== Brief ==
Give again, word for word, every line below from the one that has "9. share of" through the one that has "12. output level", both included, and no others.

(Records drawn from a dataset)

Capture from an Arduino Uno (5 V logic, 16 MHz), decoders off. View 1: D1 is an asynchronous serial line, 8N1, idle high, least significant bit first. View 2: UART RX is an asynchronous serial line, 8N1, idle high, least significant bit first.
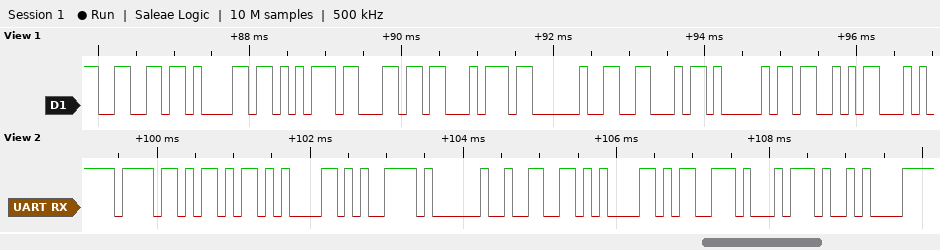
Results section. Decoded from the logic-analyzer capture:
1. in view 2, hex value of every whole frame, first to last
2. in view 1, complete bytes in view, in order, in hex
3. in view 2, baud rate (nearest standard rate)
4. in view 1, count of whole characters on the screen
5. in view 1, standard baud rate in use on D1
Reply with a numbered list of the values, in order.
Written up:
1. 6F 6B 61 79 20 66 61 73 74 0A
2. 66 61 75 6C 74 20 46 41 53
3. 9600 baud
4. 9
5. 9600 baud
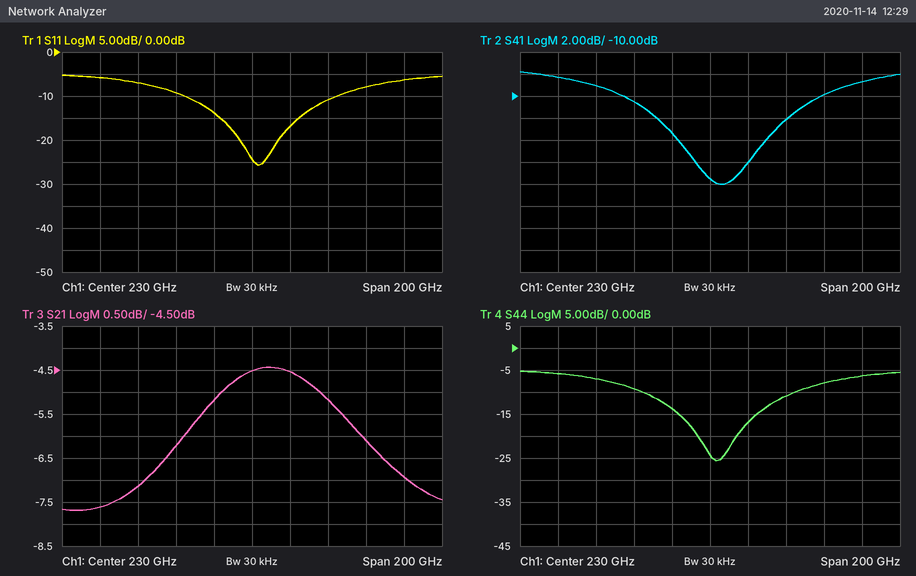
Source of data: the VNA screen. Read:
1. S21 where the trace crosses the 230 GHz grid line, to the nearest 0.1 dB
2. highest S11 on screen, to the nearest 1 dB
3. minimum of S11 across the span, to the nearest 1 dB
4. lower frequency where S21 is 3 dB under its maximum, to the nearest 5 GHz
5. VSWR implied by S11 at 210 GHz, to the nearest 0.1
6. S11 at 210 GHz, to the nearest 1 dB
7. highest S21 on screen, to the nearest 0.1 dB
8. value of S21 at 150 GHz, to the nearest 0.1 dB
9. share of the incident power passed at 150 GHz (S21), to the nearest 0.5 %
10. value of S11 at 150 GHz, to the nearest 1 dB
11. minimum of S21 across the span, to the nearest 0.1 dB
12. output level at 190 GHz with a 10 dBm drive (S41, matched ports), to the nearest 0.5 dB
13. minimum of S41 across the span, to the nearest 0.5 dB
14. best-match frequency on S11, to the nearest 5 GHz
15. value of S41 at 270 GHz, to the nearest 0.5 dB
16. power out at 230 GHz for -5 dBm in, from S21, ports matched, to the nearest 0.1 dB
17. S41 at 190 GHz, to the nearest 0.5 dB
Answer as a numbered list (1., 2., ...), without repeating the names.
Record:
1. -4.5 dB
2. -5 dB
3. -26 dB
4. 160 GHz
5. 1.5
6. -14 dB
7. -4.4 dB
8. -7.6 dB
9. 17.5 %
10. -6 dB
11. -7.7 dB
12. -0.5 dBm
13. -18.0 dB
14. 235 GHz
15. -12.0 dB
16. -9.5 dBm
17. -10.5 dB
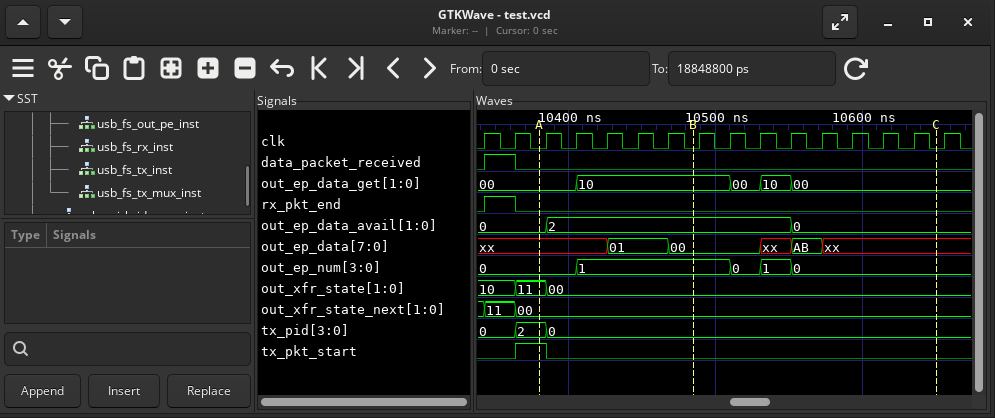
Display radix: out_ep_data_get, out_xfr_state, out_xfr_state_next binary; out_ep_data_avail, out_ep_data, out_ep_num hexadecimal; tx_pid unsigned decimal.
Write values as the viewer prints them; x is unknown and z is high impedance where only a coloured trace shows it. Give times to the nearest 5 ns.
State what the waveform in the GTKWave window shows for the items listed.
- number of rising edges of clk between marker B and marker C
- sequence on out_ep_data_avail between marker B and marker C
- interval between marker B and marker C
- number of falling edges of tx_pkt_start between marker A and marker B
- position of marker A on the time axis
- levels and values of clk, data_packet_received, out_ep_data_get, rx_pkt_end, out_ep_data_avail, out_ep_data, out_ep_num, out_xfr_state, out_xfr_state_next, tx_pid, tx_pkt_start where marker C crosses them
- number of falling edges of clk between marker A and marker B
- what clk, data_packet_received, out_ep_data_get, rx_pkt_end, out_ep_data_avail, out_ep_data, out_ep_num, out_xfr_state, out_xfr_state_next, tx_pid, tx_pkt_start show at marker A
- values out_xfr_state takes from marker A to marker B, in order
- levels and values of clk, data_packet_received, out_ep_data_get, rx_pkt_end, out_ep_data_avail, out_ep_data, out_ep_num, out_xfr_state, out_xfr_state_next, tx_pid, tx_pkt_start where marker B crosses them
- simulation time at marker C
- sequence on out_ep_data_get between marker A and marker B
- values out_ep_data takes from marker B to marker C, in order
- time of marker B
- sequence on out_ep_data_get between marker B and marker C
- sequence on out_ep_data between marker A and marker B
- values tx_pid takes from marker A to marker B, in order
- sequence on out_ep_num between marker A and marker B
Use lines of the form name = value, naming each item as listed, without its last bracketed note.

number of rising edges of clk between marker B and marker C = 8
sequence on out_ep_data_avail between marker B and marker C = 2, 0
interval between marker B and marker C = 165 ns
number of falling edges of tx_pkt_start between marker A and marker B = 1
position of marker A on the time axis = 10380 ns
levels and values of clk, data_packet_received, out_ep_data_get, rx_pkt_end, out_ep_data_avail, out_ep_data, out_ep_num, out_xfr_state, out_xfr_state_next, tx_pid, tx_pkt_start where marker C crosses them = clk=0, data_packet_received=0, out_ep_data_get=00, rx_pkt_end=0, out_ep_data_avail=0, out_ep_data=xx, out_ep_num=0, out_xfr_state=00, out_xfr_state_next=00, tx_pid=0, tx_pkt_start=0
number of falling edges of clk between marker A and marker B = 5
what clk, data_packet_received, out_ep_data_get, rx_pkt_end, out_ep_data_avail, out_ep_data, out_ep_num, out_xfr_state, out_xfr_state_next, tx_pid, tx_pkt_start show at marker A = clk=0, data_packet_received=0, out_ep_data_get=00, rx_pkt_end=0, out_ep_data_avail=0, out_ep_data=xx, out_ep_num=0, out_xfr_state=11, out_xfr_state_next=00, tx_pid=2, tx_pkt_start=1
values out_xfr_state takes from marker A to marker B, in order = 11, 00
levels and values of clk, data_packet_received, out_ep_data_get, rx_pkt_end, out_ep_data_avail, out_ep_data, out_ep_num, out_xfr_state, out_xfr_state_next, tx_pid, tx_pkt_start where marker B crosses them = clk=0, data_packet_received=0, out_ep_data_get=10, rx_pkt_end=0, out_ep_data_avail=2, out_ep_data=00, out_ep_num=1, out_xfr_state=00, out_xfr_state_next=00, tx_pid=0, tx_pkt_start=0
simulation time at marker C = 10650 ns
sequence on out_ep_data_get between marker A and marker B = 00, 10
values out_ep_data takes from marker B to marker C, in order = 00, xx, AB, xx
time of marker B = 10485 ns
sequence on out_ep_data_get between marker B and marker C = 10, 00, 10, 00
sequence on out_ep_data between marker A and marker B = xx, 01, 00
values tx_pid takes from marker A to marker B, in order = 2, 0
sequence on out_ep_num between marker A and marker B = 0, 1
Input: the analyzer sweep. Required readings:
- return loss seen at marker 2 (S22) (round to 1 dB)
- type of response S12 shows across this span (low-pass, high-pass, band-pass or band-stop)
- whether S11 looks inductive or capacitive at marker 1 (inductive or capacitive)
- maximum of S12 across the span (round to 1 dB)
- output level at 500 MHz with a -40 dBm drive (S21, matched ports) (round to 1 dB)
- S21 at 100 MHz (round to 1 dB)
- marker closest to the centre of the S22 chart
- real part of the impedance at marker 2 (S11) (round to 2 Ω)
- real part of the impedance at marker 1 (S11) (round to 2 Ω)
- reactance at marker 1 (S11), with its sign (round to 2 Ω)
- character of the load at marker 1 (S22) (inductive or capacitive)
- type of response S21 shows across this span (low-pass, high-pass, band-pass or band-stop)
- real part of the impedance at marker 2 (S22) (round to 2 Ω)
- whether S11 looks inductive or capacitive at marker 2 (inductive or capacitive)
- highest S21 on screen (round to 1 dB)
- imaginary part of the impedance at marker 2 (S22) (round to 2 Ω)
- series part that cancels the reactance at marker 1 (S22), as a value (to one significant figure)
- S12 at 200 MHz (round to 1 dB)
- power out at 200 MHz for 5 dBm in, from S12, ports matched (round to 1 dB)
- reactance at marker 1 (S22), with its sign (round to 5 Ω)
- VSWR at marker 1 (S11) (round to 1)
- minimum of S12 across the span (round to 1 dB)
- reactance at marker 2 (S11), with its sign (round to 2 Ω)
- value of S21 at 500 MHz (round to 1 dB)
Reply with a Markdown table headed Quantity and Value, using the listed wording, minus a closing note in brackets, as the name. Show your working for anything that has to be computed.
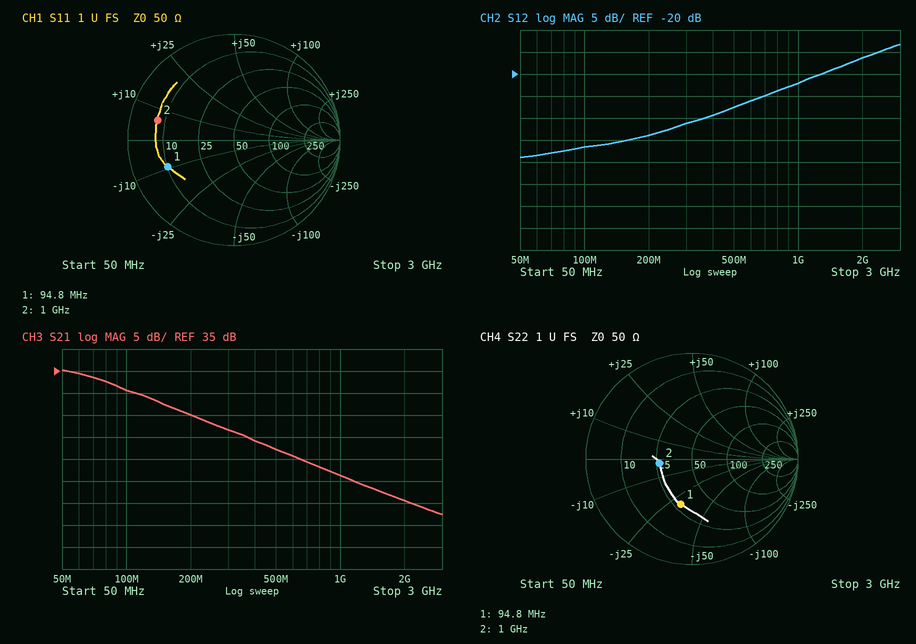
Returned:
| Quantity | Value |
|---|---|
| return loss seen at marker 2 (S22) | 10 dB |
| type of response S12 shows across this span | high-pass |
| whether S11 looks inductive or capacitive at marker 1 | capacitive |
| maximum of S12 across the span | -13 dB |
| output level at 500 MHz with a -40 dBm drive (S21, matched ports) | -40 dBm + (17 dB) = -23 dBm |
| S21 at 100 MHz | 31 dB |
| marker closest to the centre of the S22 chart | marker 2 |
| real part of the impedance at marker 2 (S11) | 8 Ω |
| real part of the impedance at marker 1 (S11) | 10 Ω |
| reactance at marker 1 (S11), with its sign | -10 Ω |
| character of the load at marker 1 (S22) | capacitive |
| type of response S21 shows across this span | low-pass |
| real part of the impedance at marker 2 (S22) | 26 Ω |
| whether S11 looks inductive or capacitive at marker 2 | inductive |
| highest S21 on screen | 35 dB |
| imaginary part of the impedance at marker 2 (S22) | -2 Ω |
| series part that cancels the reactance at marker 1 (S22), as a value | L = 30 Ω/(2π × 94.8 MHz) ≈ 50 nH |
| S12 at 200 MHz | -34 dB |
| power out at 200 MHz for 5 dBm in, from S12, ports matched | 5 dBm + (-34 dB) = -29 dBm |
| reactance at marker 1 (S22), with its sign | -30 Ω |
| VSWR at marker 1 (S11) | 5 |
| minimum of S12 across the span | -39 dB |
| reactance at marker 2 (S11), with its sign | +6 Ω |
| value of S21 at 500 MHz | 17 dB |
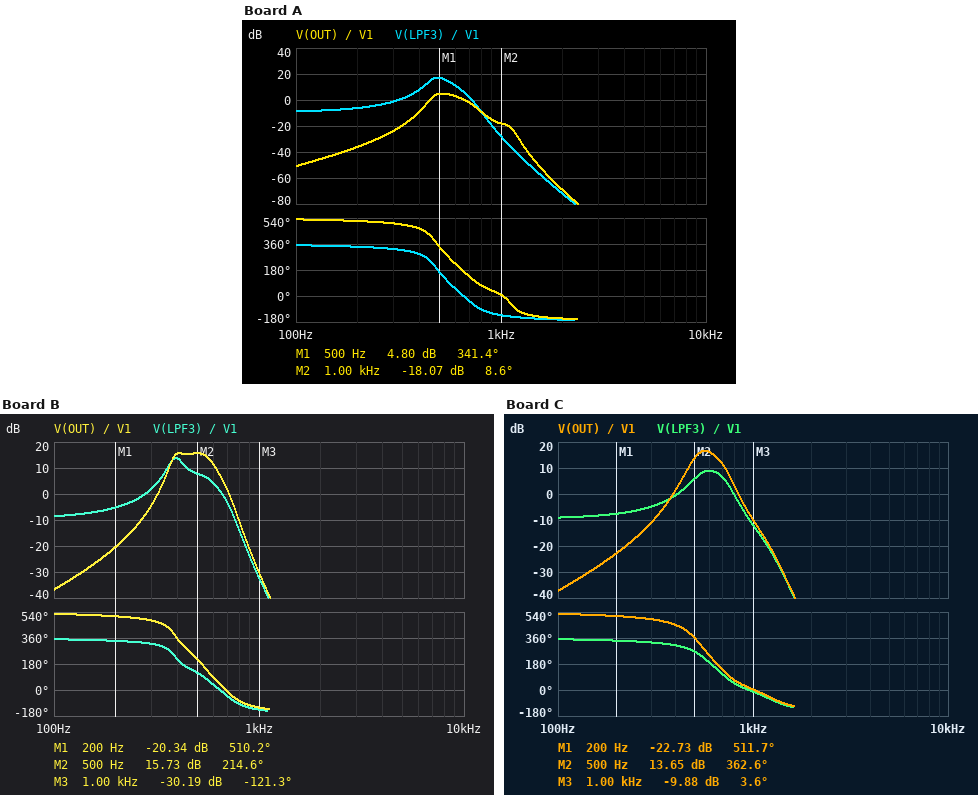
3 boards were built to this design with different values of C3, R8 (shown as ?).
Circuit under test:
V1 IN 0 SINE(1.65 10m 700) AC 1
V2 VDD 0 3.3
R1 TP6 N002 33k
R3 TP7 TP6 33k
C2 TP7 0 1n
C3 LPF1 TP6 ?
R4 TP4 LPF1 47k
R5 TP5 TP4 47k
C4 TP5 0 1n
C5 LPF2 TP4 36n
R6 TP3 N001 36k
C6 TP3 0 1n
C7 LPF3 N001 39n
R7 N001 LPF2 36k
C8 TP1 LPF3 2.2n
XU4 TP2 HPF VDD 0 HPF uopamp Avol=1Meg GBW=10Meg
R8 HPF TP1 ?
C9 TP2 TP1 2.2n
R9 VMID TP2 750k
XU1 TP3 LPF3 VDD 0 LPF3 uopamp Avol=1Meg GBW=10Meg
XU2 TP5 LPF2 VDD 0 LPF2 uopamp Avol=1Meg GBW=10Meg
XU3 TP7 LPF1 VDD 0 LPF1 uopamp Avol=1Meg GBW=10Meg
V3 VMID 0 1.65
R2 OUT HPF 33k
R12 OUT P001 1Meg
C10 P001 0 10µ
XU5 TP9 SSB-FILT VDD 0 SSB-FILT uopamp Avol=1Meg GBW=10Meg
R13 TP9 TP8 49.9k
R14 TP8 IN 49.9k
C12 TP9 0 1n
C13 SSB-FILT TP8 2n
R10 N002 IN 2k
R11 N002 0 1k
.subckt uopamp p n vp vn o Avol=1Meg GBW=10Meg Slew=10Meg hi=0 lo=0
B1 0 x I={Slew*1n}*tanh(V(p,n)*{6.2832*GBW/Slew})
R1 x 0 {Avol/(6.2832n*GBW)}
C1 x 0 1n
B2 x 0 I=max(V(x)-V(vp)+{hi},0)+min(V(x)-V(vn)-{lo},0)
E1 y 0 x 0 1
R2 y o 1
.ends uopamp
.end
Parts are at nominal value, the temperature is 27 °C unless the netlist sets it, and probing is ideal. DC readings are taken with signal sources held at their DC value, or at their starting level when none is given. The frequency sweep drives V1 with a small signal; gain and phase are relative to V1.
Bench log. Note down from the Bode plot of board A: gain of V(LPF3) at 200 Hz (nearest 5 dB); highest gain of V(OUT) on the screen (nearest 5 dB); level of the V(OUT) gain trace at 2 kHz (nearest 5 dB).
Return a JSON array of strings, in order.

== Answer space ==
9. share of the incident power passed at 150 GHz (S21), to the nearest 0.5 %
10. value of S11 at 150 GHz, to the nearest 1 dB
11. minimum of S21 across the span, to the nearest 0.1 dB
12. output level at 190 GHz with a 10 dBm drive (S41, matched ports), to the nearest 0.5 dB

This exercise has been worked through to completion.